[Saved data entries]
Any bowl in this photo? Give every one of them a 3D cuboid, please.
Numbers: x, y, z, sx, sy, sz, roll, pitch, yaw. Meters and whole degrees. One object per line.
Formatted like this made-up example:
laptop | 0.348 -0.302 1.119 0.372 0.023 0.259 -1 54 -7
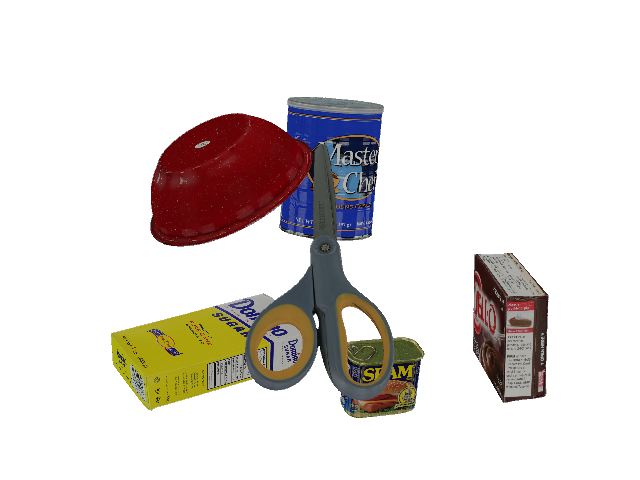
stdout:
bowl | -0.091 -0.065 0.944 0.162 0.055 0.162 -21 29 12

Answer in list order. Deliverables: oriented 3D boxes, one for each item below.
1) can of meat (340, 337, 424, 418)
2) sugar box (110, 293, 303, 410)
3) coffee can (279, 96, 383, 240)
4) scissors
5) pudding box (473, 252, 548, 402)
can of meat | 0.078 0.178 1.378 0.102 0.084 0.057 -3 24 -17
sugar box | -0.110 0.107 1.068 0.176 0.048 0.093 -16 33 -27
coffee can | 0.011 -0.079 1.146 0.103 0.140 0.103 4 12 -1
scissors | -0.014 0.018 0.667 0.096 0.202 0.016 -14 -39 -9
pudding box | 0.153 0.068 0.871 0.039 0.090 0.113 -4 16 -6

### PROBLEM DESCRIPTION
Reproduce every line above that contains the string "this".

### WORKED SOLUTION
Any bowl in this photo? Give every one of them a 3D cuboid, please.
Formatted like this made-up example:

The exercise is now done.